__TASK ITEM__.
Reproduce, exactly and in full, only the lines below from the one containing "Answer: Nutritional Intake" through the one containing "Answer: Around 270-300".

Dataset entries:
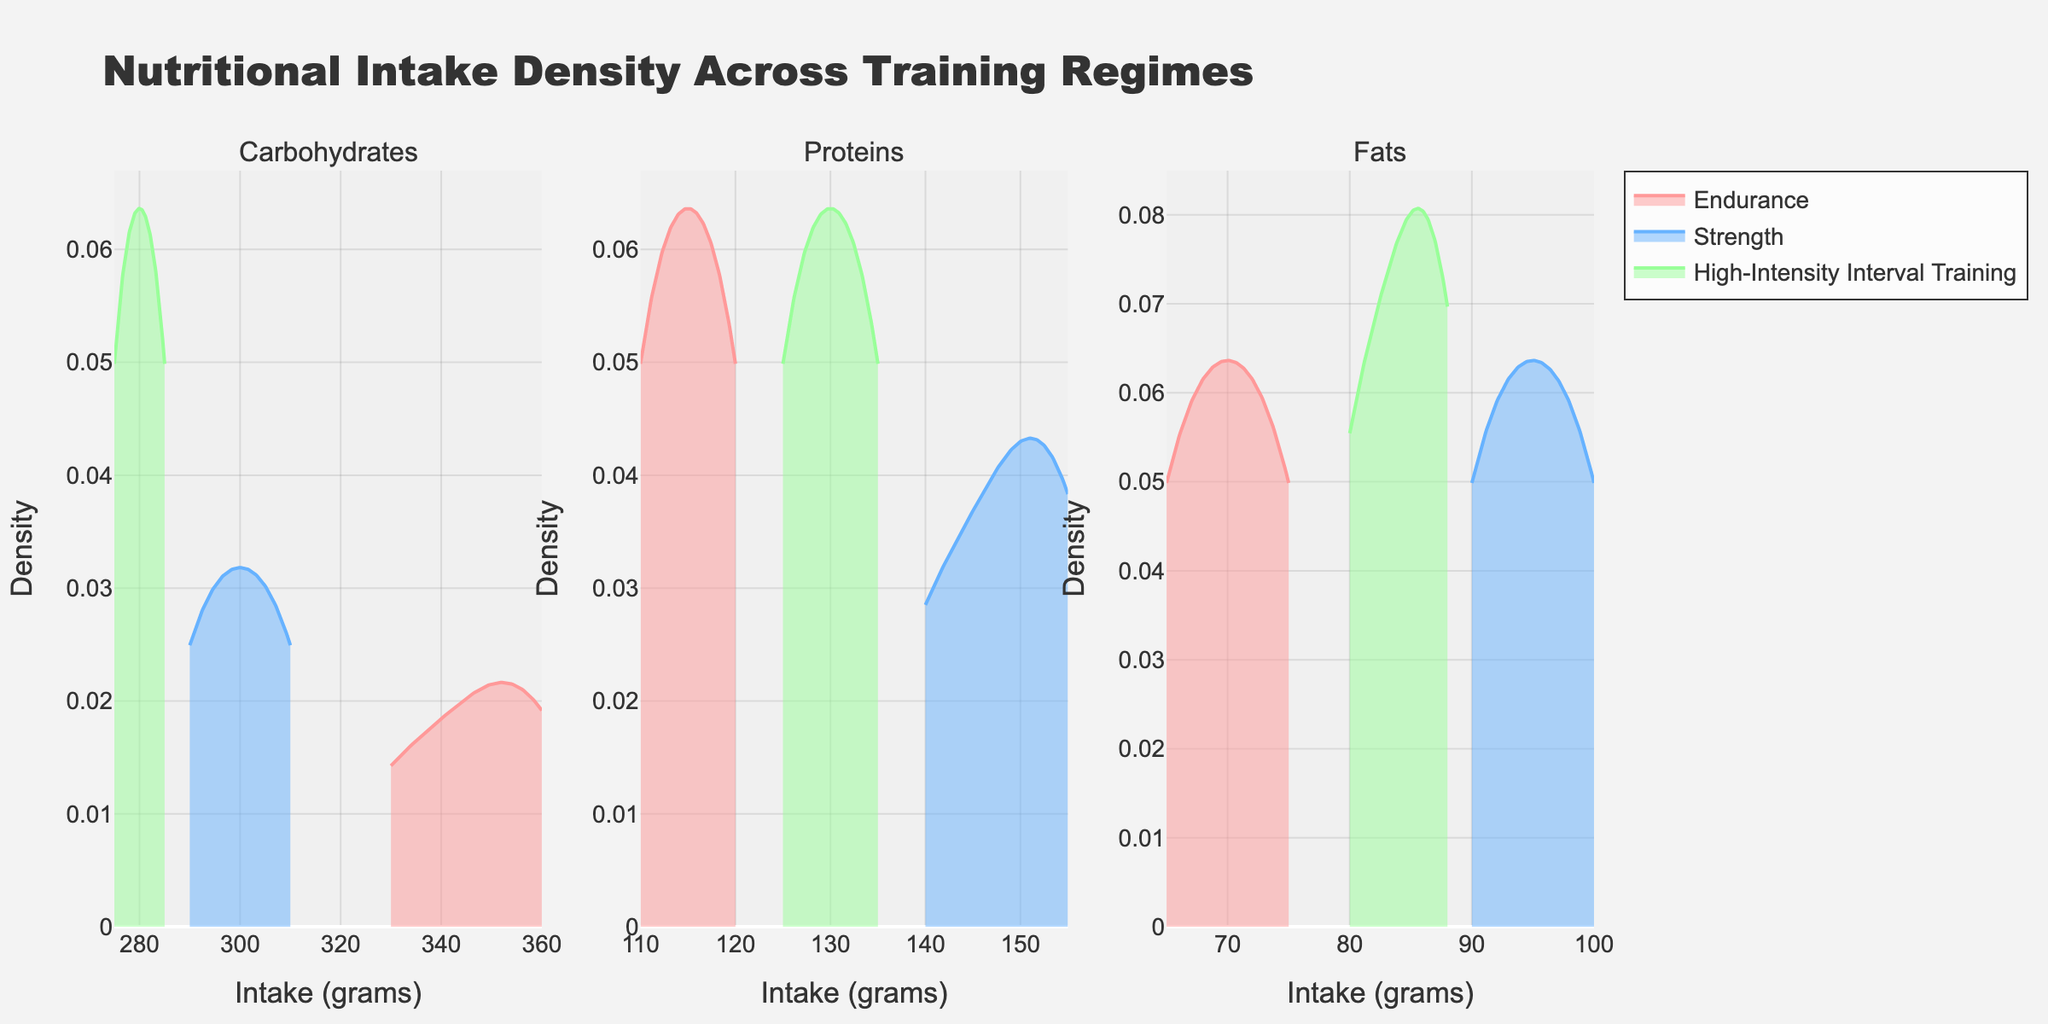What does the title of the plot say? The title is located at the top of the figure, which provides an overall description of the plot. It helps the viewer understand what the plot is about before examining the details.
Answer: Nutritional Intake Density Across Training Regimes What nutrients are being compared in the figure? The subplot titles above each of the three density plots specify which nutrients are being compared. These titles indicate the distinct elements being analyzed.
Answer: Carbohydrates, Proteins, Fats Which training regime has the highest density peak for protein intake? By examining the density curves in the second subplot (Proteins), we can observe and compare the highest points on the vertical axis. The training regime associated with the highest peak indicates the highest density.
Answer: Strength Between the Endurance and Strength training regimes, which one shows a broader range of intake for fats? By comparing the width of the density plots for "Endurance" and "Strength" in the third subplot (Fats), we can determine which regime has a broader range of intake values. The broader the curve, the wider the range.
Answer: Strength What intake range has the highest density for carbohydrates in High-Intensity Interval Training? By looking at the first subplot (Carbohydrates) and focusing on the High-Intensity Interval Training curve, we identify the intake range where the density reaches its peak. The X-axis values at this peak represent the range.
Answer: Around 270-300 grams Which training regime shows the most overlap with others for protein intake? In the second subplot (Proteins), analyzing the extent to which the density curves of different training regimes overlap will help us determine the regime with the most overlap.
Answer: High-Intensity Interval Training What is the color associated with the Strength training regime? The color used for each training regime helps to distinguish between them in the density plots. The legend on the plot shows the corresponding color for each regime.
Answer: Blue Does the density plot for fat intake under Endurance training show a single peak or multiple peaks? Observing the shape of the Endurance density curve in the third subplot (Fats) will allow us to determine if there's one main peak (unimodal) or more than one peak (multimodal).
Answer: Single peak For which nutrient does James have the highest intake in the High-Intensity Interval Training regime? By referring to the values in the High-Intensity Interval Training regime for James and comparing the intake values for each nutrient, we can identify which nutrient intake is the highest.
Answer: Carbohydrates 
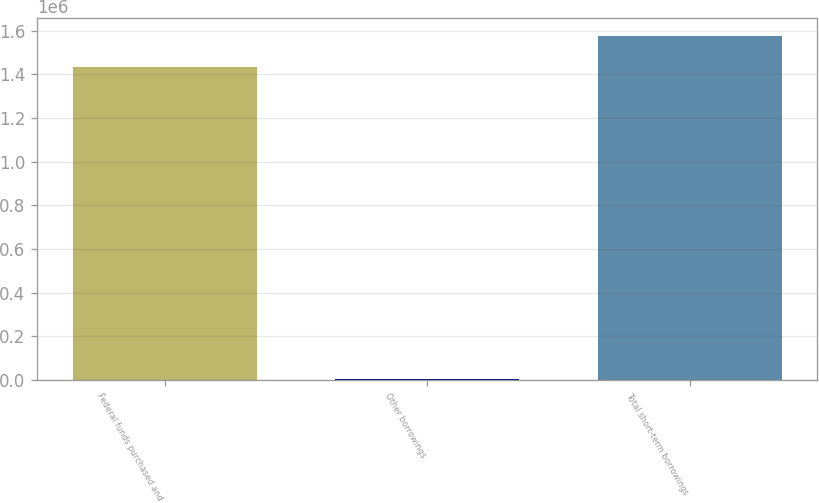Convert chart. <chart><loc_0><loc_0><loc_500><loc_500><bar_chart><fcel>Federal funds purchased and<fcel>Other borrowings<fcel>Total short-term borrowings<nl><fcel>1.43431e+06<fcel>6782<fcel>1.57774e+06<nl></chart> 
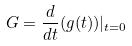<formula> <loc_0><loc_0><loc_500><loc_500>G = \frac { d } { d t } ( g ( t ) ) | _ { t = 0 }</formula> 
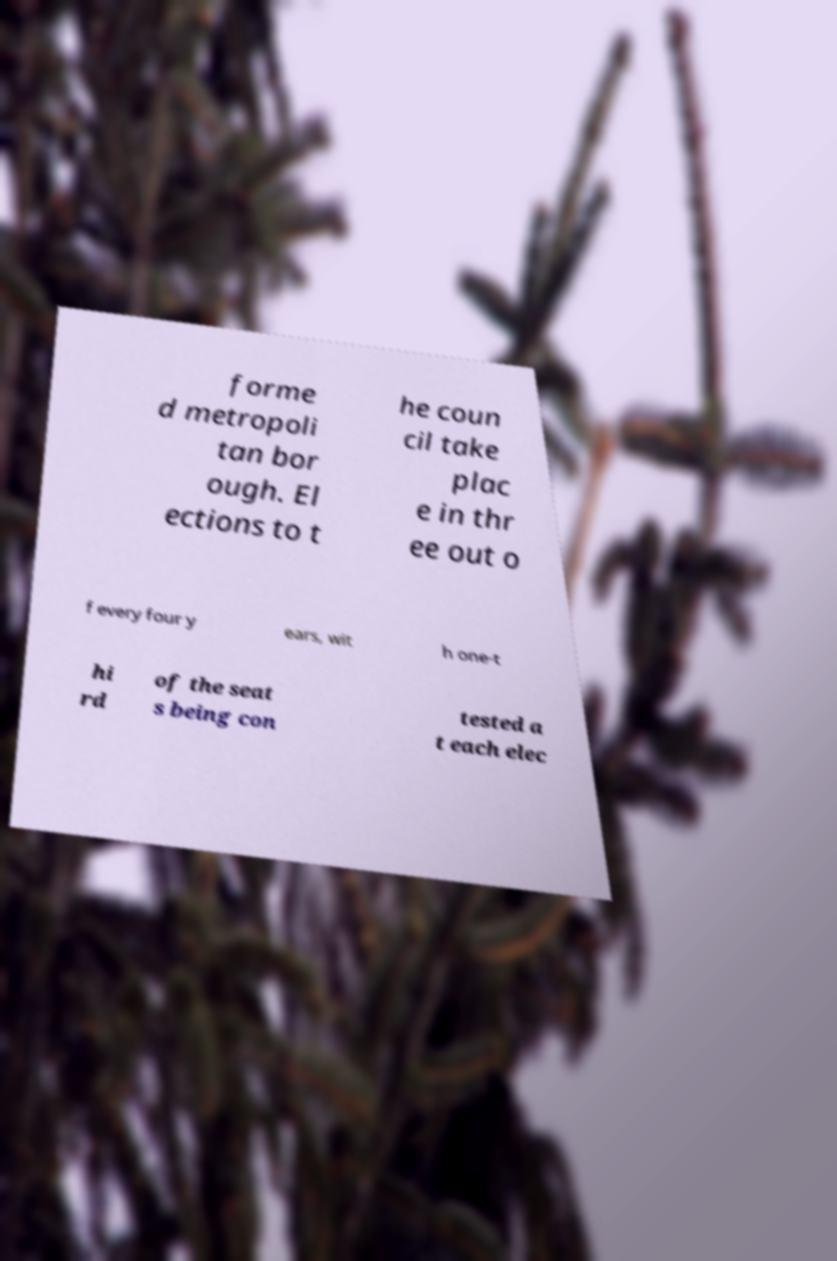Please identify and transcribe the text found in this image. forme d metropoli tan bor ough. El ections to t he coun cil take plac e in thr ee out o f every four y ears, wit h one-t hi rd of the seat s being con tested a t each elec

__RESULT FOR THIS TASK__.
Answer: Nutritional Intake Density Across Training Regimes What nutrients are being compared in the figure? The subplot titles above each of the three density plots specify which nutrients are being compared. These titles indicate the distinct elements being analyzed.
Answer: Carbohydrates, Proteins, Fats Which training regime has the highest density peak for protein intake? By examining the density curves in the second subplot (Proteins), we can observe and compare the highest points on the vertical axis. The training regime associated with the highest peak indicates the highest density.
Answer: Strength Between the Endurance and Strength training regimes, which one shows a broader range of intake for fats? By comparing the width of the density plots for "Endurance" and "Strength" in the third subplot (Fats), we can determine which regime has a broader range of intake values. The broader the curve, the wider the range.
Answer: Strength What intake range has the highest density for carbohydrates in High-Intensity Interval Training? By looking at the first subplot (Carbohydrates) and focusing on the High-Intensity Interval Training curve, we identify the intake range where the density reaches its peak. The X-axis values at this peak represent the range.
Answer: Around 270-300 grams Which training regime shows the most overlap with others for protein intake? In the second subplot (Proteins), analyzing the extent to which the density curves of different training regimes overlap will help us determine the regime with the most overlap.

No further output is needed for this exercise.